Harriet Martineau, 1802-1876
Martineau was a writer and lecturer. At age 32, she wrote a two-volume book called Society in America, chronicling the status of America’s women, whom Martineau believed were unhealthily obsessed with religion. She translated into English six volumes of the French atheist philosopher Aguste Comte. She once predicted that “the time cannot be far off when, throughout the civilized world, theology must go out before the light of philosophy.”
Lydia Maria Child, 1802-1880
Child was said to be among the first ‘women of letters’ in the United States. She was a famous abolitionist, novelist, and journalist. She wrote one the first anti-slavery books: An Appeal in Favor of That Class of Americans Called Africans. Her towering work was the three-volume The Progress of Religious Ideas Through Successive Ages, wherein she rejected all religions and revelations. She said, “It is impossible to exaggerate the evil theology has done in the world … Even if nothing worse than wasted mental effort could be laid to the charge of theology, that alone ought to be sufficient to banish it from the earth as one of the worst enemies of mankind.”
Ernestine L. Rose, 1810-1892
Rose was probably America’s most outspoken atheist in the nineteenth century. She was a traveling lecturer and gave speeches in twenty-three states. She delivered an address at the ‘First National Infidel Convention’ in New York City in May 1845 and The New York Herald, reporting on the event, called her “the highly accomplished, talented and intellectually beautiful Mrs. Rose.” In a lecture entitled ‘In Defense of Atheism’ given in Boston in 1861, she said: “If the belief in God were natural, there would be no need to teach it … We don’t have to teach the general elements of human nature—the five senses, seeing hearing, smelling, tasting, and feeling. They are universal; so would religion be were it natural; but it is not.”
Emma Martin, 1812-1851
Called a ‘heroine of freethought,’ Martin was a lecturer and pamphleteer. In her work “A Few Reasons for Renouncing Christianity’ she said: “There is yet another consideration which is fatal to the Christian religion, and that is its persecuting spirit. It calls in the aid of ecclesiastical and civil laws, and the iron hand of custom to condemn, and if possible to punish those who may express different opinions to its own view … Perish the cause which has no more rational argument its favor than that which the stake or prison can supply!”
Elizabeth Cady Stanton, 1815-1902
Stanton hardly needs an introduction in America. We know of her from her efforts with Susan B. Anthony to secure the women’s vote. But few know that Stanton was a cheerfully committed atheist and spoke and wrote often against religion. (Could this be why the government stamped Anthony’s face onto a coin and not Stanton’s?) In 1885 at the “National Woman Suffrage Association Convention” she said, “You may go over the world and you will find that every form of religion which has breathed upon the earth has degraded women.” She often noted that the chief critics and opponents of woman’s suffrage were religious zealots, both men and women.

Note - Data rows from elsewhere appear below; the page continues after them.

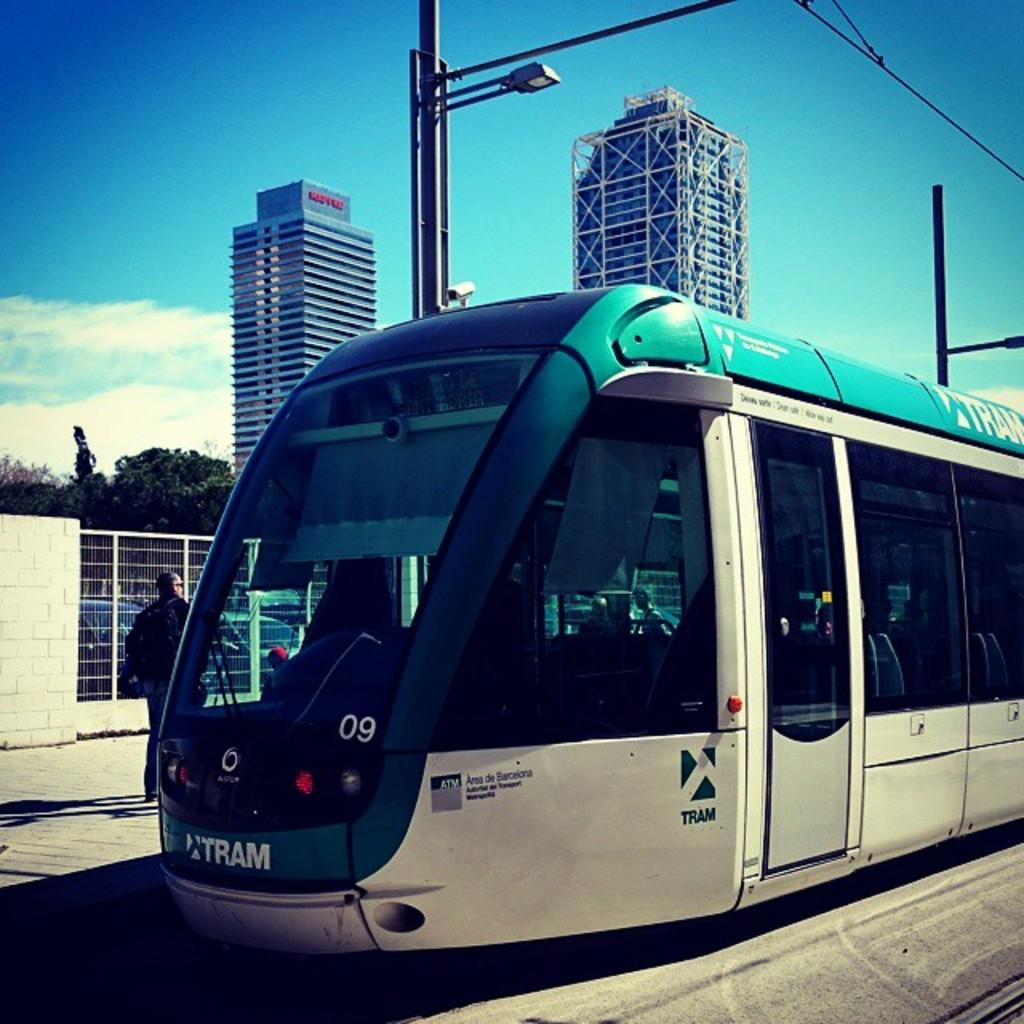What is the main subject of the image? The main subject of the image is a train. Can you describe any other objects or features in the image? Yes, there is a light, a CCTV camera, poles, wires, people, trees, buildings, and the sky visible in the image. How many oranges are being sold by the beast in the image? There is no beast or oranges present in the image. What type of business is being conducted by the people in the image? The image does not provide information about any business being conducted by the people. 
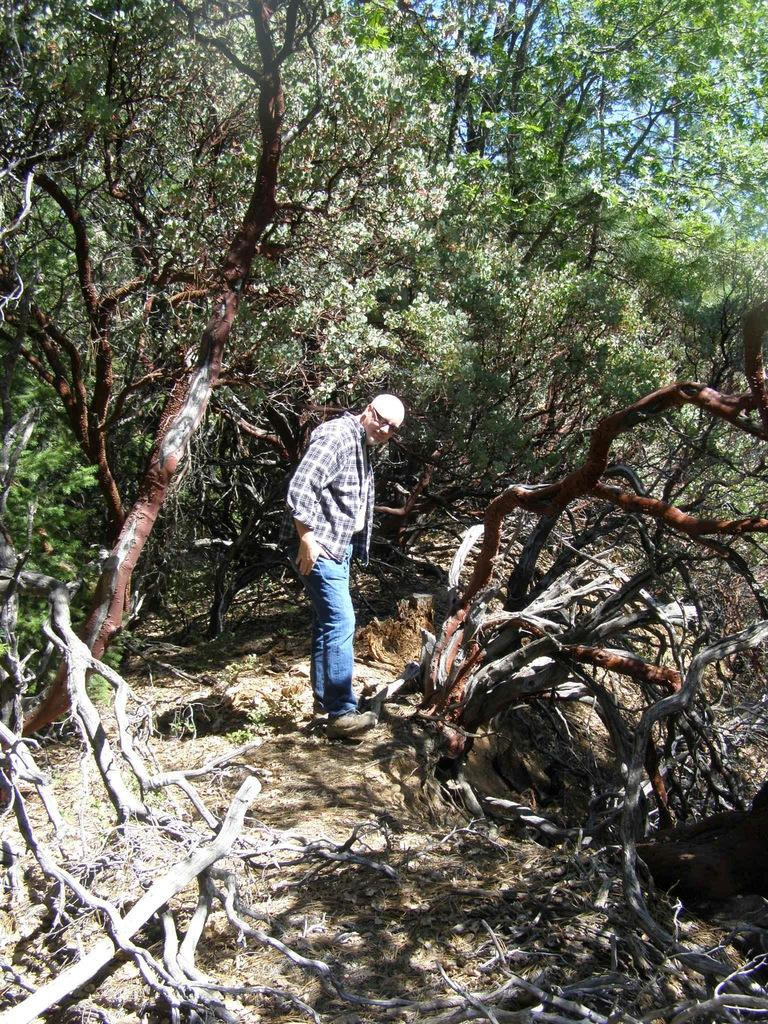Who is present in the image? There is a man in the image. What is the man wearing on his face? The man is wearing glasses (specs) in the image. What type of natural environment is visible in the image? There are many trees in the image, indicating a forest or wooded area. What can be seen in the background of the image? The sky is visible in the background of the image. How many toes are visible on the man's feet in the image? There is no indication of the man's feet or toes in the image, so it cannot be determined. 
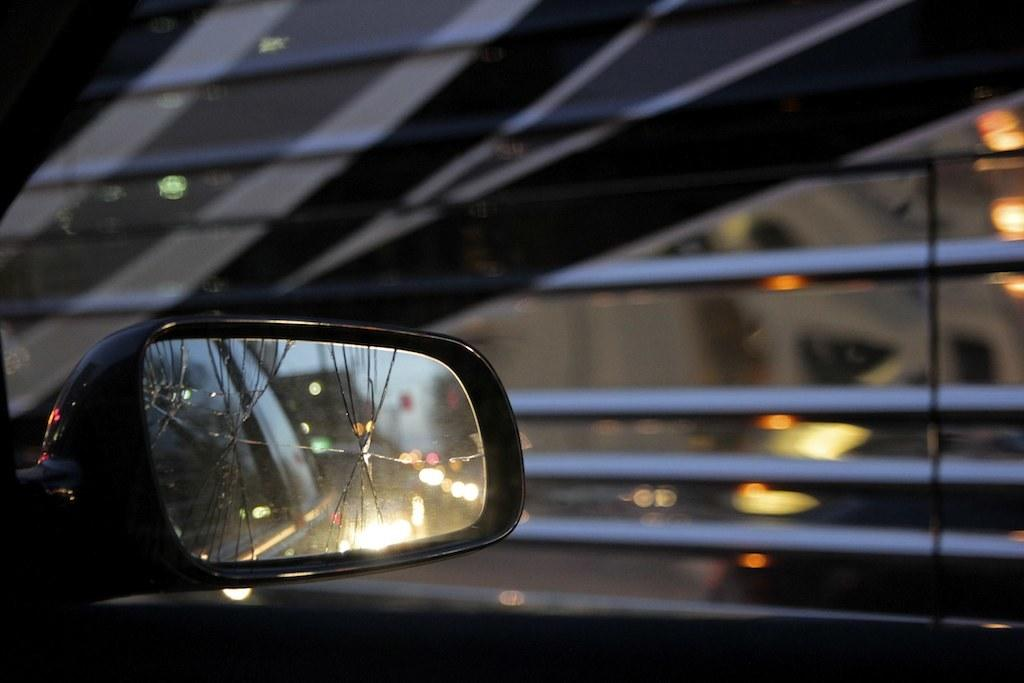What part of a vehicle can be seen in the image? The side mirror of a vehicle is visible in the image. What is the condition of the side mirror? The side mirror is broken. What can be seen in the background of the image? There are lights in the background of the image. How are the lights in the background depicted? The background lights are blurred. What type of fruit is hanging from the broken side mirror in the image? There is no fruit present in the image, and the broken side mirror is not attached to any fruit.

Marilla M. Ricker, 1840-1920
Ricker was an attorney, an abolitionist, a suffragist, a humanitarian, and a freethought activist. In a piece called ‘Why I Am An Agnostic,’ she wrote: “No institution in modern civilization is so tyrannical and so unjust to women as the Christian church … the church claims that woman owes her advancement to the Bible. She owes much more to the dictionary.”
All of the above women, and many others, undoubtedly influenced Madalyn Murray O’Hair, and helped her carve out a life devoted to irreligion. Unfortunately, these women are generally not taught in any classroom in America, but they play an important role in our history.